Am schwierigsten war es, überhaupt einen geeigneten Platz für das Projekt zu finden, berichtet Wolf. Weil der einerseits weit genug draußen, auf dem Land, sein sollte – und trotzdem nah genug an einer großen Stadt, damit die 120 Mitarbeiter, die "Newtopia" hinter den Kulissen im Schichtbetrieb am Laufen halten, problemlos anreisen können. Seit einem Jahr laufen die Vorbereitungen. Zahlreiche Baungenehmigungen wurden eingeholt, der Bürgermeister des Orts hat seine Zustimmung gegeben, der Landrat weiß Bescheid, die Feuerwehr war schon da, und die Naturschutzbehörde hat zur Auflage gemacht, dass während der Bauphase die dort heimische gemeine Waldeidechse umgesiedelt wird.
Woran man ganz gut erkennen kann, wie sehr Sat.1 an den Erfolg seines durchaus gewagten Vorhabens glaubt.
Dass die Wahl des Produktionsorts diesmal nicht auf Köln gefallen ist, lag auch an der besseren Glasfaseranbindung im Berliner Umland. Die ist nötig, um das Geschehen ins Fernsehen und mit vier parallel laufenden Livestreams ununterbrochen ins Netz zu bringen. Wenn das Experiment gelingt, wird das Waldstück deshalb nicht nur für die TV-Kandidaten eine zeitlang zum Zuhause. (Das Experiment ist vorerst auf ein Jahr angelegt.) Sondern auch für die Leute vom Fernsehen, die in den Containern dafür sorgen, dass die Außenwelt erfährt, was in "Newtopia" los ist.
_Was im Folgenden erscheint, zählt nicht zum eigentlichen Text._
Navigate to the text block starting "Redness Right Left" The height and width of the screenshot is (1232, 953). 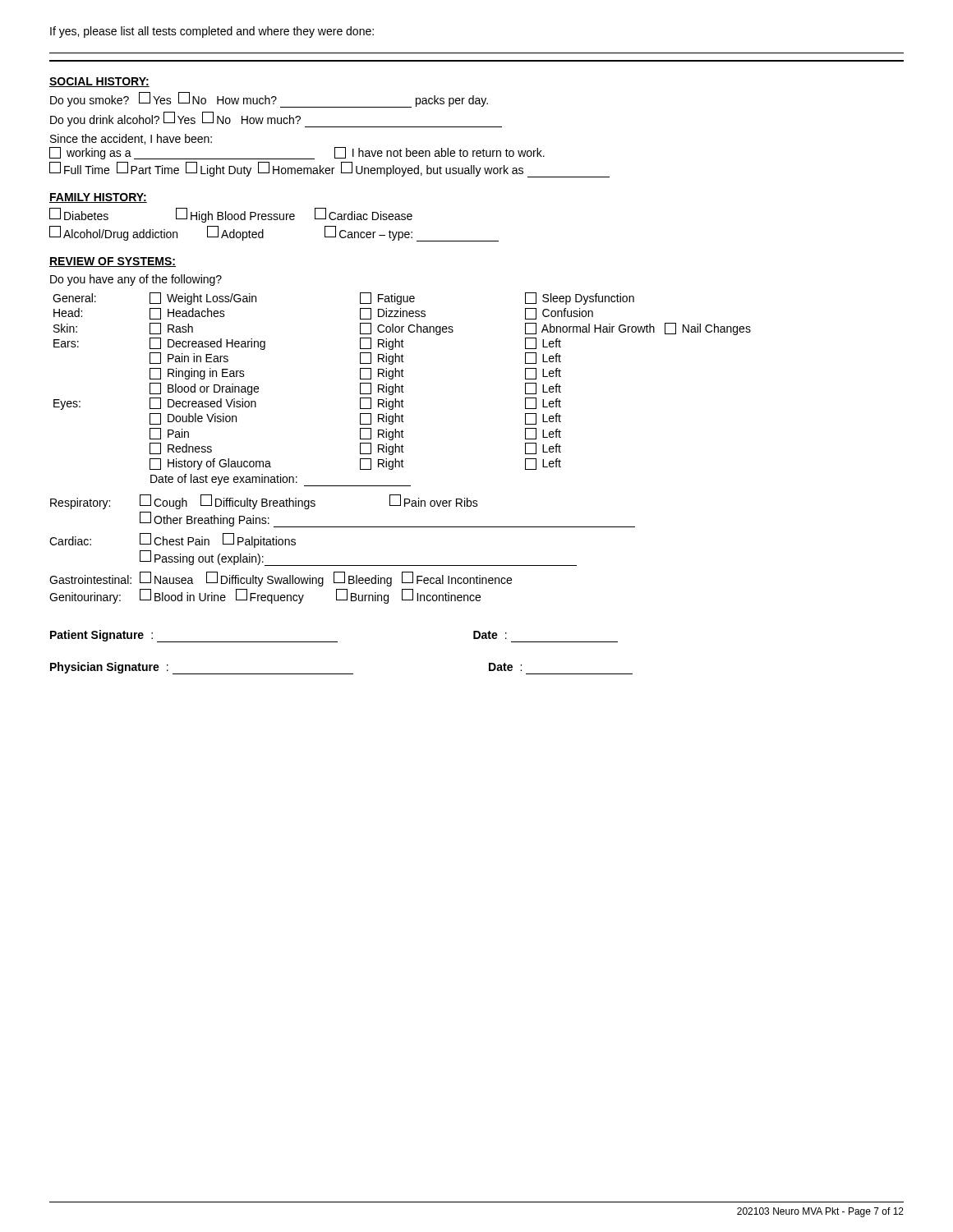coord(178,449)
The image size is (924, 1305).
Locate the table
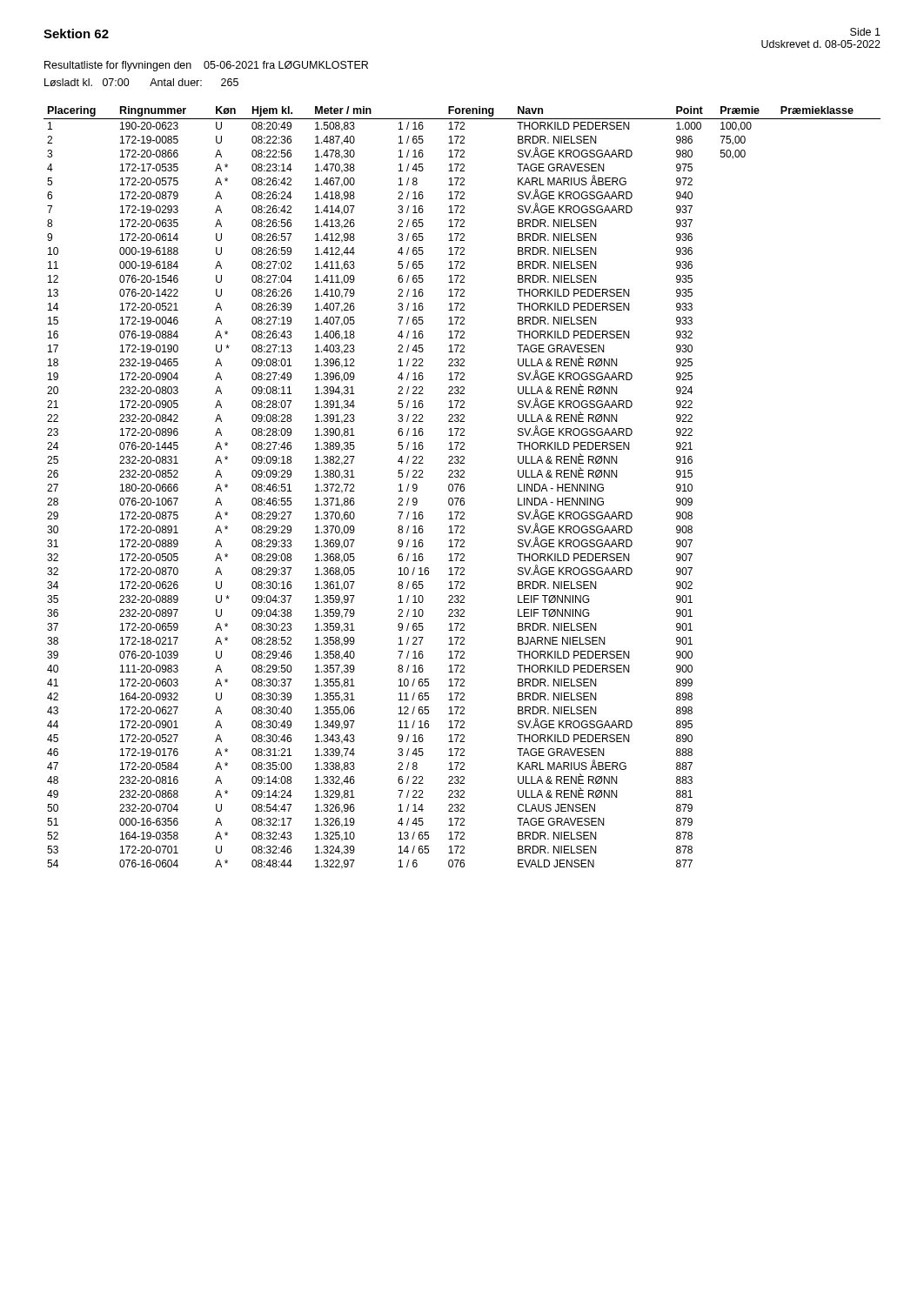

Die 138 Produktionscontainer verfügen über ein eigenes Verpflegungszelt, Ausruhmöglichkeiten in den Schlafräumen 1 bis 3 und eine mit Monitoren vollgestopfte Regie, in der Storyline Producer bestimmen, welche Geschichten es auf den Schirm schaffen. An einer Wand hängt ein laminierter Zettel, auf dem täglich notiert wird, wieviele Facebook-Fans und Twitter-Follower die Show aktuell hat: 19.157, 1609. Da geht noch was. Zwischen der Waldtechnikzentrale und der Scheune liegen nur wenige Meter Luftlinie. Damit die "Pioniere" nicht zuviel vom Fernsehbetrieb mitbekommen, schirmt ein schwarz verhängtes Gerüst die beiden Seiten voneinander ab, das vor allem als Lichtblockade dient.
Sobald "Newtopia" tatsächlich startet, wird aus dem bis ins Detail vorbereiteten Projekt aber wieder ein unberechenbares – weil die Macher täglich darauf vertrauen müssen, dass sich genügend Erzählenswertes ergibt, um damit werktäglich eine einstündige Sendung zu füllen. Anfangs dürfte das noch kein Problem sein, weil die Bewohner sich noch kennenlernen und zurechtfinden müssen. Ab einem gewissen Punkt wird aber alleine der begrenzte Aktionsradius zu Einschränkungen führen. Allerdings ist "Newtopia" nicht komplett von der Außenwelt abgeschirmt, im Gegenteil: Der Kontakt ist sogar erwünscht, Telefon und sogar Internetanschluss sind erlaubt – wenn die Kandidaten das denn organisiert kriegen und bezahlen können.
In den Niederlanden haben die "Pioniere" auf ihrem Gelände einen Wochenmarkt veranstaltet, um mit selbst hergestellten Produkten Geld zu verdienen und ihren Hof weiter ausbauen zu können. Unerwünschte Besucher sollen derweil mit hohen Zäunen und Wachposten ferngehalten. Ob es die überhaupt geben wird, stellt sich heraus, wenn "Newtopia" übernächste Woche auf Sendung geht.